И нет, установка setuid не помешает обычному пользователю увидеть его содержимое; она может просто запустить его ptrace(2), что приведет к игнорированию битов setuid:

Как корень:

hzyS# cat <<'EOT' >/tmp/bar; chmod 4001 /tmp/bar
#! /bin/sh
: this is secret
id
EOT

Как обычный пользователь:

hzyS$ ktrace -ti /tmp/bar
uid=1001(duns) euid=0(root) gid=1001(duns) groups=1001(duns)
hzyS$ kdump
    ... nothing, the kernel disabled the ktrace ...
hzyS$ cc -Wall -xc - -o pt <<'EOT'
#include <unistd.h>
#include <sys/types.h>
#include <sys/ptrace.h>
#include <sys/wait.h>
#include <signal.h>

int main(int ac, char **av){
        int s; pid_t pid;
        if((pid = fork()) == 0){
                ptrace(PT_TRACE_ME, 0, 0, 0);
                execvp(av[1], av + 1);
        }
        while(wait(&s) > 0 && WIFSTOPPED(s)){
                s = WSTOPSIG(s);
                ptrace(PT_CONTINUE, pid, (caddr_t)1, s == SIGTRAP ? 0 : s);
        }
}
EOT
hzyS$ ./pt ktrace -ti /tmp/bar
uid=1001(duns) gid=1001(duns) groups=1001(duns)
hzyS$ kdump | tail -5
 29543 sh       GIO   fd 10 read 31 bytes
       "#! /bin/sh
        : this is secret
        id
       "

(извините, если это не самый простой способ продемонстрировать это)

[1] это можно было бы эмулировать в Linux с помощью binfmt_misc, но интерпретатор нужно будет изменить или использовать оболочку; см. последнюю часть этого ответа для примера, намеренно сделанного до смешного небезопасным.

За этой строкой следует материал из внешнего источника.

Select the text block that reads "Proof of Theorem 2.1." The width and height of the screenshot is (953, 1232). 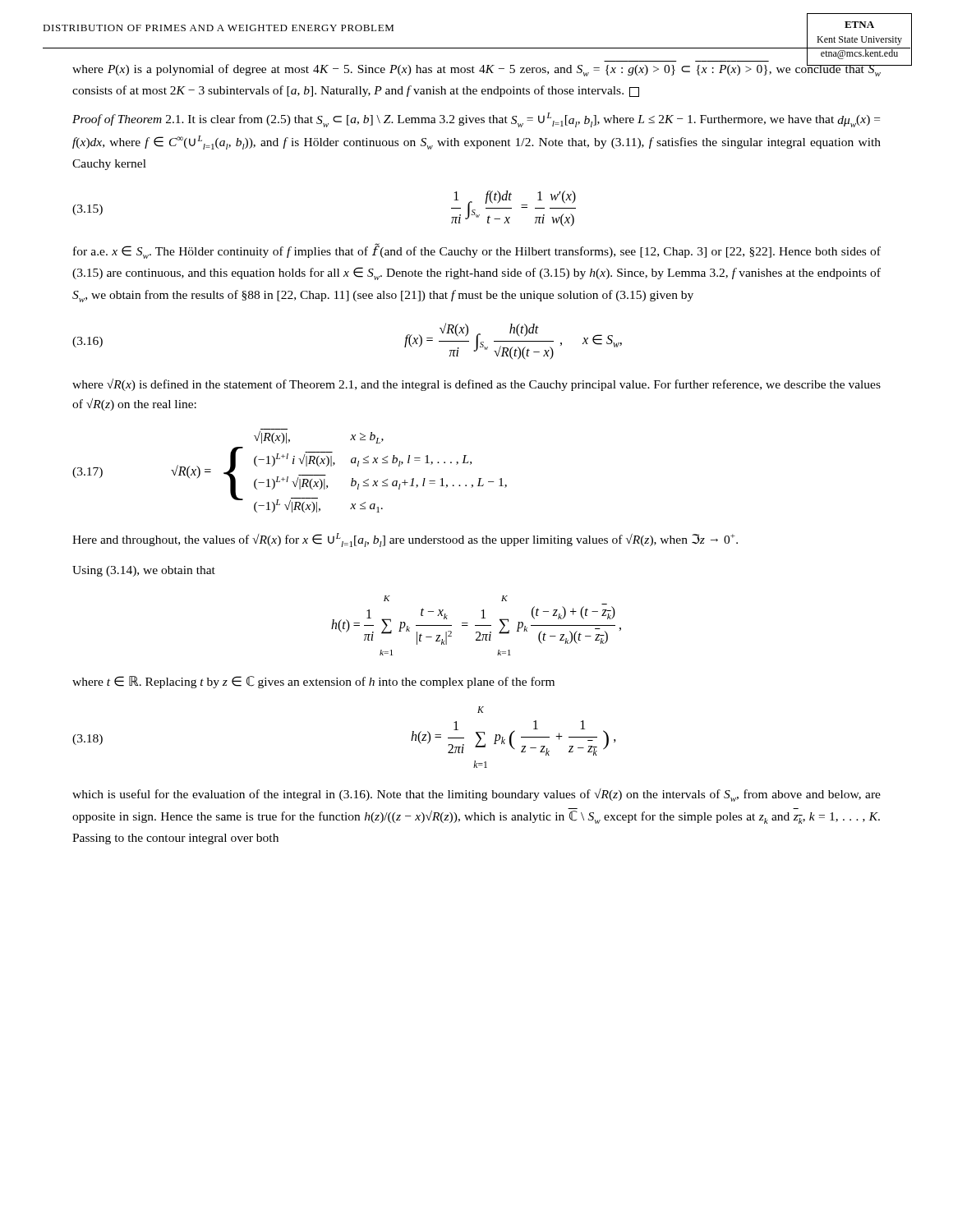coord(476,140)
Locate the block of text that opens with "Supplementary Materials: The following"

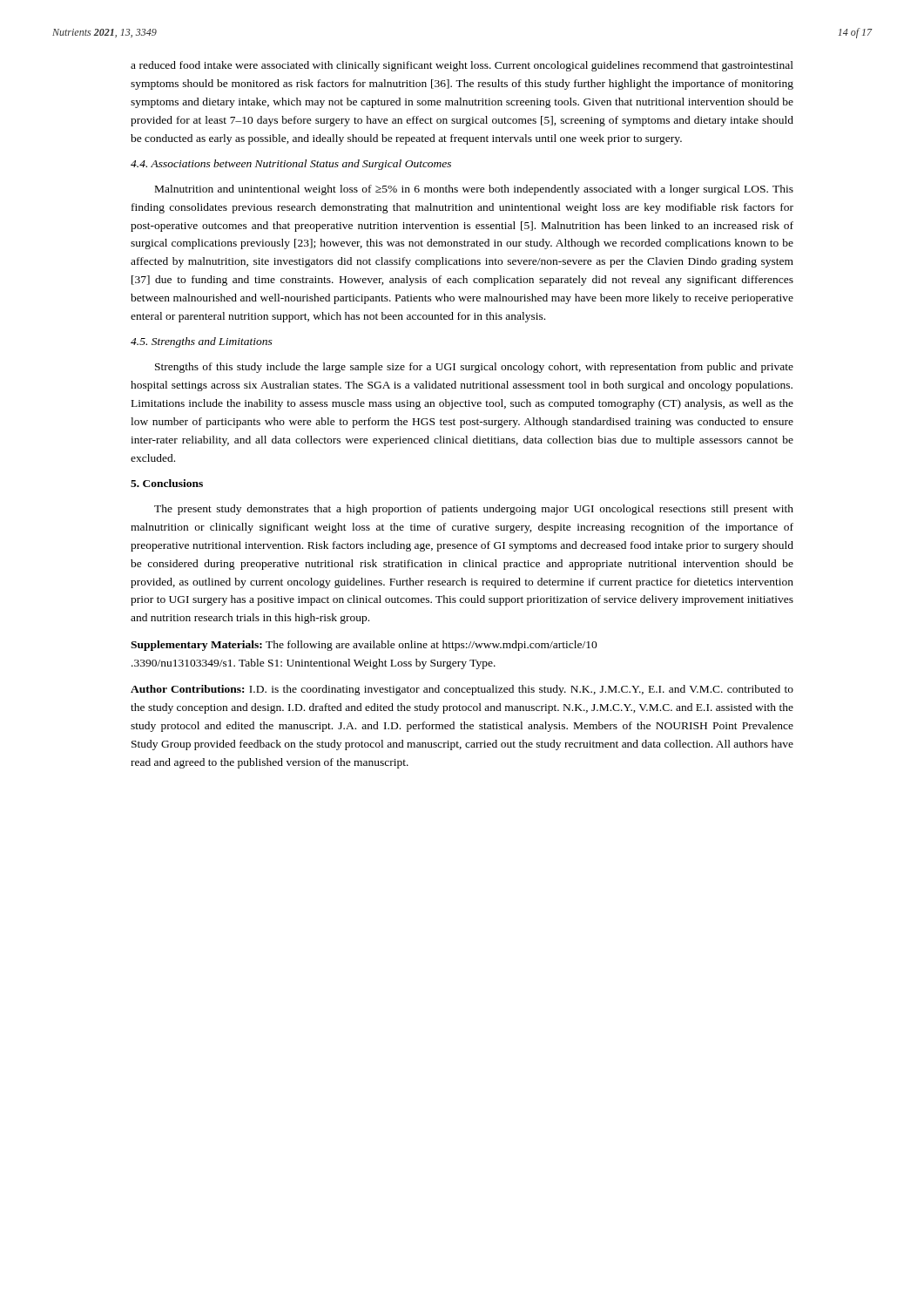tap(462, 654)
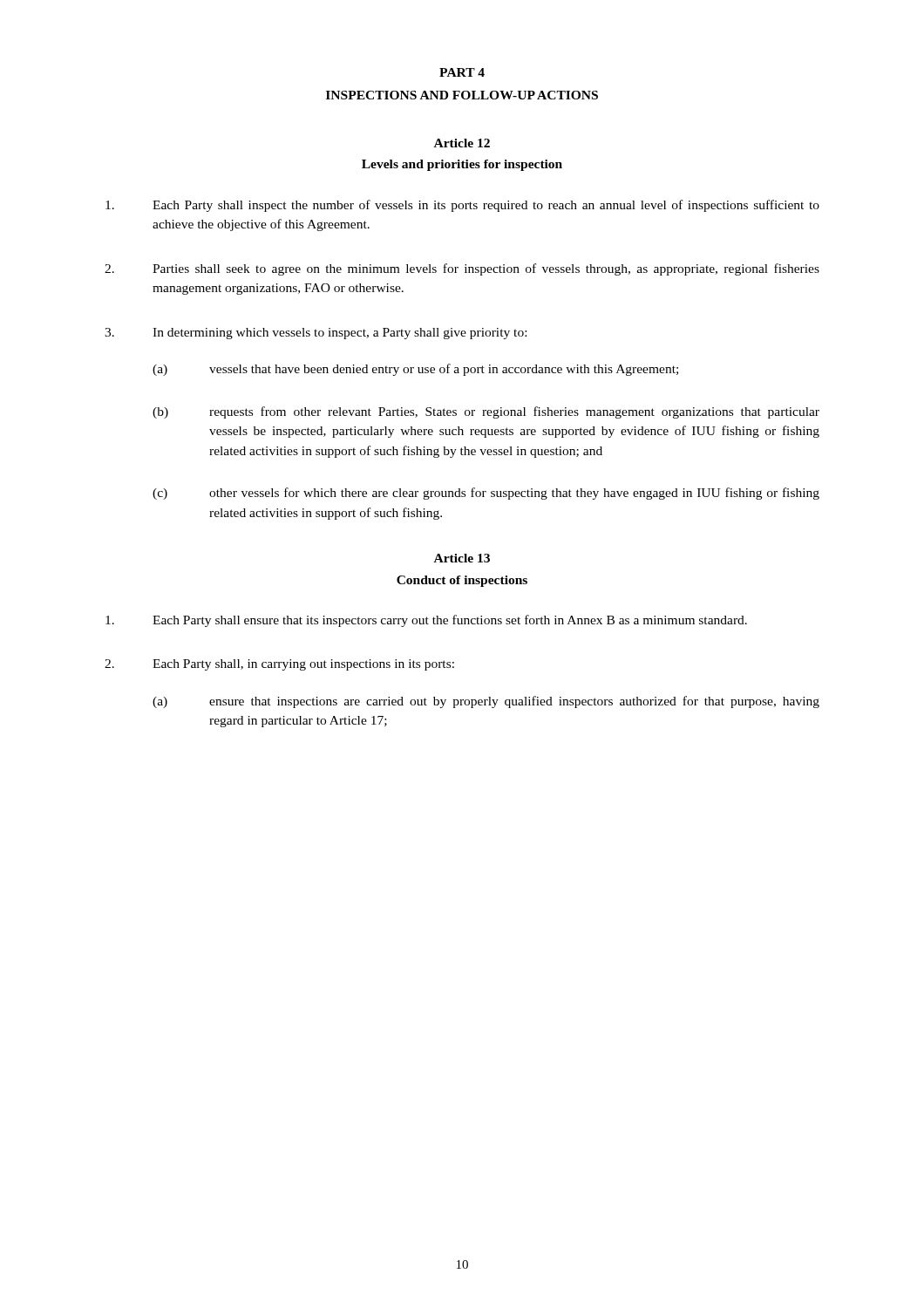This screenshot has height=1308, width=924.
Task: Locate the block of text that opens with "Each Party shall inspect the"
Action: coord(462,215)

[2] или вообще любой файл, который не вызовет execve()возврата ENOEXEC.

mosvy
источник
-2

Да, если вы являетесь пользователем root, вы можете запустить файл без разрешения на чтение

# echo "echo hello" > test
# chmod 100 test
# ll test
---x------ 1 root root 10 Nov 29 12:13 test
# ./test
hello

Но если вы войдете с любым другим пользователем, вы не сможете выполнить этот файл

$ ./test
-bash: ./test: Permission denied
Гаурав Гоял
источник
3
Это на самом деле не отвечает на вопрос, потому что root может читать файл даже без разрешения.
wjandrea
-5

Чтобы сделать ваши сценарии нечитаемыми, но исполняемыми, у вас есть 3 основных варианта:

Первый вариант

Используйте команду openssl, чтобы зашифровать ее вручную. И в будущем, когда вы захотите запустить скрипт, вам придется снова запустить openssl вручную и предоставить пароль для расшифровки.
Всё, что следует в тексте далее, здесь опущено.